FIGURE 9. Latitudinal trend in deep ocean particle flux in the North Atlantic defined as data collected deeper than 2,000 m. Data from Guieu et al. (2005) which includes some unpublished data from other sources (33, 34, 48°N), Lampitt (1992) (32°N), Pabortsava et al. (2017) (23°N), Fischer et al. (2020) (ESTOC) (29°N), Conte et al. (2019 and Pers. Comm.) (OFP Bermuda) (32°N) and Waniek et al. (2005) (33, 47, 54°N) and PAP-SO reported here. The three time series stations with more than 10 complete years of data are identified by acronym.
TABLE 1. Characteristics of flux at time series stations in the North Atlantic at which downward flux >2,000 m has been measured for complete years.
At PAP-SO, for several of the years, the peak in deep ocean POC flux preceded or was synchronous with the peak in NPP (Supplementary Figure S8) leading to the conclusion that although NPP is the ultimate driver for downward flux (Siegel et al., 2014) there may well be major seasonal variation in the export efficiency and/or transfer efficiency. This is not unexpected and is now being incorporated into biogeochemical models of particle flux (Dinauer et al., 2022).
The cause of the large interannual variability in POC sequestration flux and, to a lesser extent, Total Mass flux and PIC flux lies in the occurrence of pulses of organic material in late summer in about half of the years which are manifest as being highly enriched.
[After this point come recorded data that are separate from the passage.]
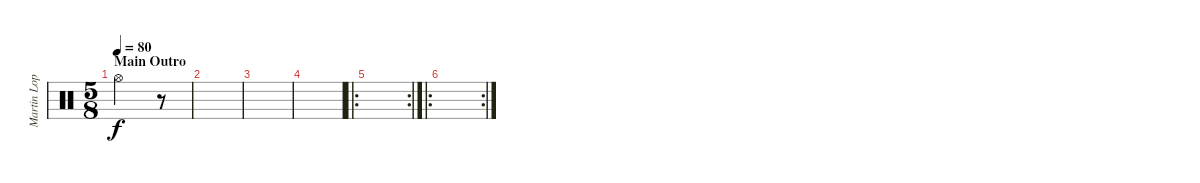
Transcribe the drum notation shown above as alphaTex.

\track ("Martin Lopez" "Martin Lop") {instrument percussion}
\staff {score}
\articulation defaults
\ts (5 8)
\section ("" "Main Outro")
\tempo 80
\clef neutral
\ks c "Hi-Hat (open)".2{dy f}
r.8 |
|
|
|
\ro
\rc 2
|
\ro
\rc 2

Enriched pulses are subjectively defined for this paper as material with an organic carbon content greater than 12% of the mass flux which occurred in half of the 18 “good” years (Figure 10A). Concentrations as high as this are very rarely reported in deep ocean sediment trap studies with, for instance at OFP Bermuda, values of 5.0% ± 0.7% over the first quarter of the year decreasing to 4.7% ±0.7% for each of the subsequent quarters (Conte et al., 2019 and Pers. Comm.).
FIGURE 10. (A) Annual time series of percent POC for each of the “good” years distinguished according to whether the late-summer peaks were early (August–September) or late (October–November). (B) Annual POC flux distinguished according to whether the years were characterised by enriched material in the cups and whether this was early or late. Period 3 is identified as a time when, if there was enrichment, it was later in the year.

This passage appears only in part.